Malam itu, rasa bersalah itu kembali datang menyergap. Membuatku ketakutan setengah mati. Aku takut, bagaimana bila kelak tidak ada yang menerima gadis jahat ini?
Aku sibuk bergelut dengan diriku sendiri. Satu sisi aku berkata, tak apa, semua orang pernah membuat kesalahan. Tapi memori-memori kelam itu seakan mendorongku jauh ke dalam jurang. Katanya, aku tidak pantas untuk dimaafkan. Katanya, aku harus hidup bersama dengan rasa bersalah ini seumur hidupku. Perempuan antagonis sepertiku, tidak boleh hidup dengan tenang. Tidak boleh bahagia.
Namun, aku hanya terus diam sembari menatap tembok dingin di hadapanku. Kepalaku berkecamuk seperti akan meledak kapan saja. Dadaku sesak luar biasa. Tubuhku gemetar dan aku hampir tidak bisa bernapas selayaknya. Satu pertanyaannya, tidakkah semua rasa sakitku ini cukup?
Jawabannya memang tidak. Rasa sakitku tidak pernah cukup. Tidak akan pernah cukup. Hingga pemikiran semu itu datang ke kepalaku. Berbisik untuk mencukupkan rasa sakitku. Aku mulai tersenyum, mencari benda tajam apa saja untuk membentuk guratan pada tanganku. Aku mulai tertawa. Apabila begini, apakah rasa sakitku akan genap?
Tapi, tidak. Rupanya belum sempat aku menggoreskan benda tajam itu pada tanganku, seseorang datang kepadaku. Seseorang dari dunia maya yang bahkan tidak tahu siapa aku. Katanya, aku tidak boleh merusak diriku. Katanya, aku harus mencintai diriku sendiri.

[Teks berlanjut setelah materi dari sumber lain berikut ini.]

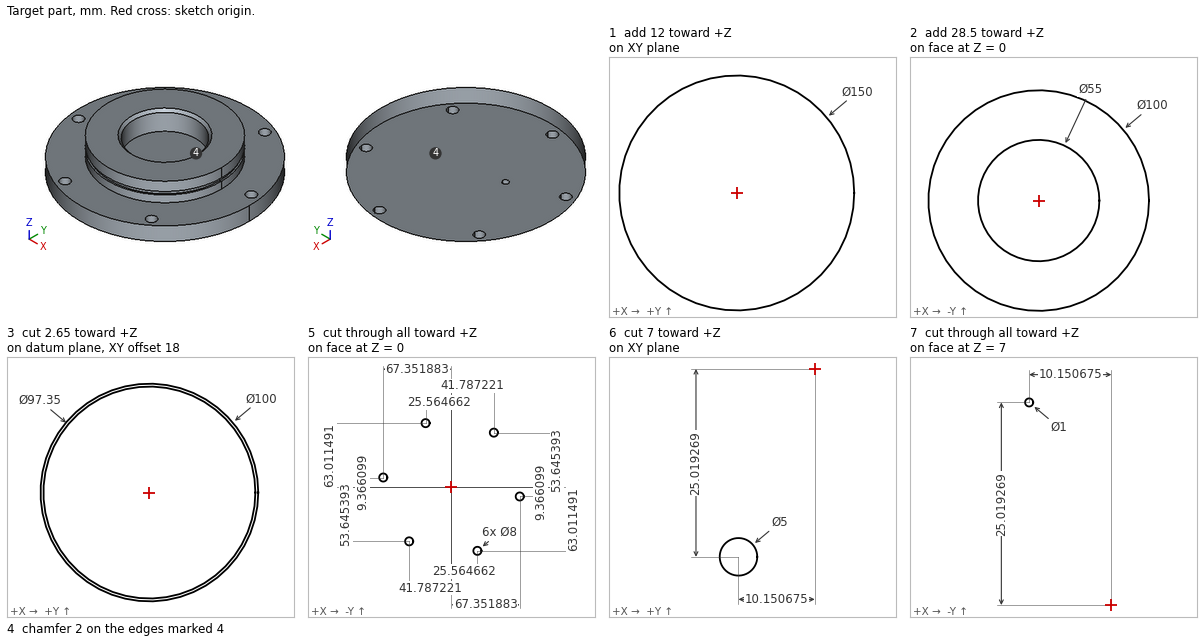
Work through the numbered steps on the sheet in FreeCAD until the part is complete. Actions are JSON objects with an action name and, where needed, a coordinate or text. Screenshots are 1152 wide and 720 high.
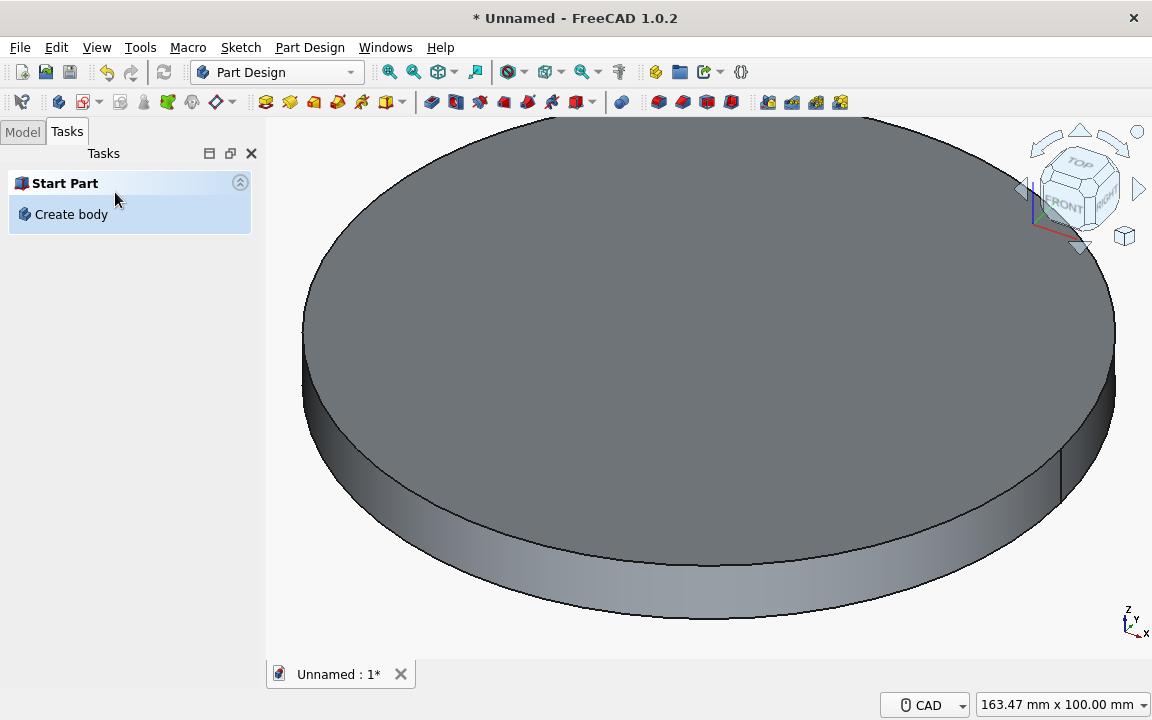
{"action": "left_click", "coordinate": [390, 72]}

Dengan tatapan kosong, aku urungkan niat melukai diriku. Dia benar, tidak seharusnya aku memiliki pemikiran pendek segila itu. Aku menangis diam-diam. Dalam tangisan itu, aku memohon dengan segenap rasa putus asa. Tuhan, dapatkah Engkau menggenapkan rasa sakit yang tidak pernah cukup ini?
KAMU SEDANG MEMBACA
Stay Alive
Random[continuation of stay alone] Bahkan setelah berpisah dan menyakitimu, aku turut patah hati. Kemudian aku melakukan kamuflase bersikap seolah semuanya baik-baik saja. Itu semua kulakukan demi harga diriku yang tersisa. Karena tanpa itu, aku akan turu...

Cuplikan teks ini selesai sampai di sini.